__Stored entries__.
- Opening Delimiter -
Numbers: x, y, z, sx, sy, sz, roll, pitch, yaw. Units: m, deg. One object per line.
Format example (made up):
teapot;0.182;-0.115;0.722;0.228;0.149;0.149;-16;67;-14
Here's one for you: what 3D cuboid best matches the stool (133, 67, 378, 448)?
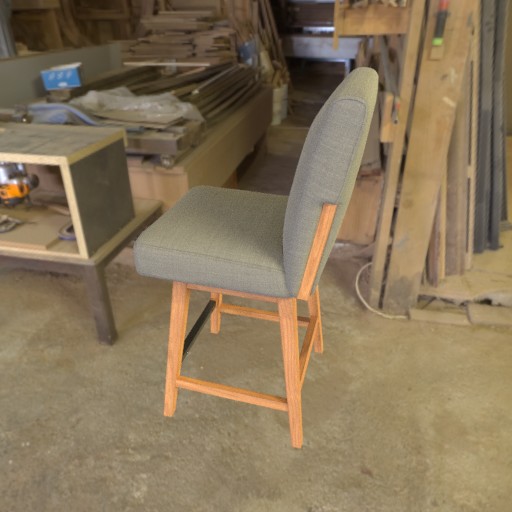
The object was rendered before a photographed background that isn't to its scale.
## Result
stool;0.000;0.000;1.313;0.570;1.019;0.459;8;31;14
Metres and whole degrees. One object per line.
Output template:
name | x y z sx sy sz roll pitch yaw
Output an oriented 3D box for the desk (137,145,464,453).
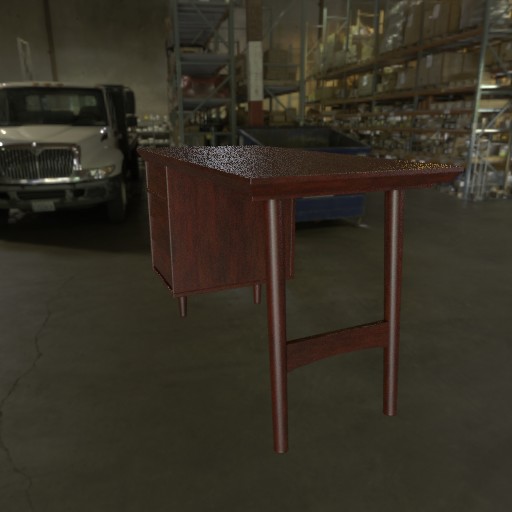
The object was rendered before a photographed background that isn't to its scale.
desk | 0.000 0.000 1.699 0.612 0.758 1.277 -8 18 -24
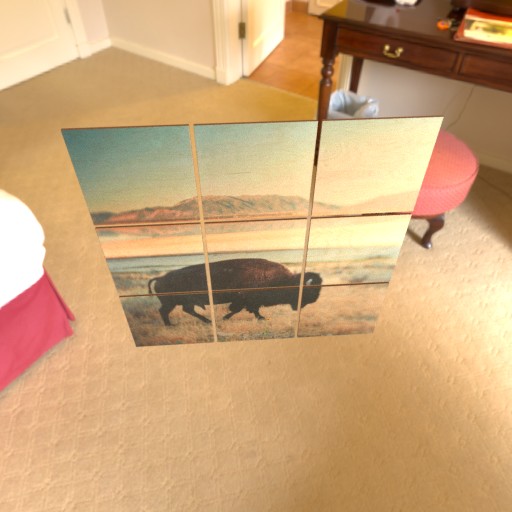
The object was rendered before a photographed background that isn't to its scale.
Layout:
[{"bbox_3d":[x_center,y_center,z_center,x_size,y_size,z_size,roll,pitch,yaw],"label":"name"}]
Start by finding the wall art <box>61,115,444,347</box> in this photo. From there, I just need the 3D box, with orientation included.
[{"bbox_3d":[0.000,0.000,2.323,1.533,1.532,0.019,-3,46,-3],"label":"wall art"}]
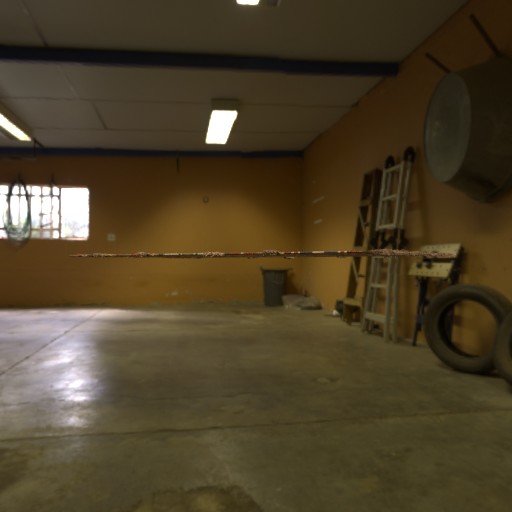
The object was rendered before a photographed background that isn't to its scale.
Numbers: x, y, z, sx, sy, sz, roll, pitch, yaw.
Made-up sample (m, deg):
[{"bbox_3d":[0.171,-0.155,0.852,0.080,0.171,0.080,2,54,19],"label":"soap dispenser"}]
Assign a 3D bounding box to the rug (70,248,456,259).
[{"bbox_3d":[0.000,0.000,3.238,2.450,0.048,1.778,-1,-1,36],"label":"rug"}]
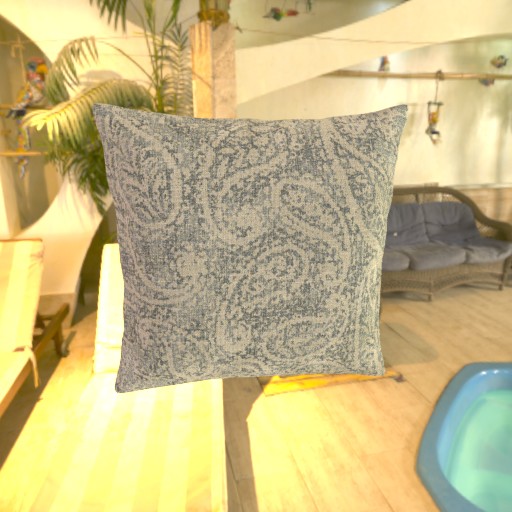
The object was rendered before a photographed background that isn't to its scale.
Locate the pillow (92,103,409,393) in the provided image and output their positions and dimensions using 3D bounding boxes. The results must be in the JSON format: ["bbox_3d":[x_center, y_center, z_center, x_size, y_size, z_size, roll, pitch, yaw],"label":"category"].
[{"bbox_3d":[0.000,0.000,0.783,0.523,0.510,0.166,-2,16,-8],"label":"pillow"}]
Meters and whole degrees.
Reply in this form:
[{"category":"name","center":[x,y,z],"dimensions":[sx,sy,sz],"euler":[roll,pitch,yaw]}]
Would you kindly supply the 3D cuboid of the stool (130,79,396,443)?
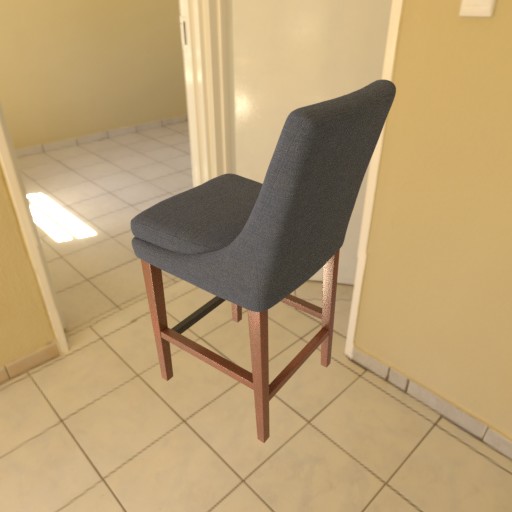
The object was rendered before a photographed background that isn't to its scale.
[{"category":"stool","center":[0.000,0.000,1.308],"dimensions":[0.577,0.981,0.470],"euler":[21,37,31]}]
- Closing Delimiter -
Would you output only the span of the records above that opens with the line containing "teapot;0.182;-0.115;0.722;0.228;0.149;0.149;-16;67;-14" and closes with the line containing "Output an oriented", ends included and pictures dropped?

__YOUR SOLUTION__.
teapot;0.182;-0.115;0.722;0.228;0.149;0.149;-16;67;-14
Here's one for you: what 3D cuboid best matches the stool (133, 67, 378, 448)?
The object was rendered before a photographed background that isn't to its scale.
## Result
stool;0.000;0.000;1.313;0.570;1.019;0.459;8;31;14
Metres and whole degrees. One object per line.
Output template:
name | x y z sx sy sz roll pitch yaw
Output an oriented 3D box for the desk (137,145,464,453).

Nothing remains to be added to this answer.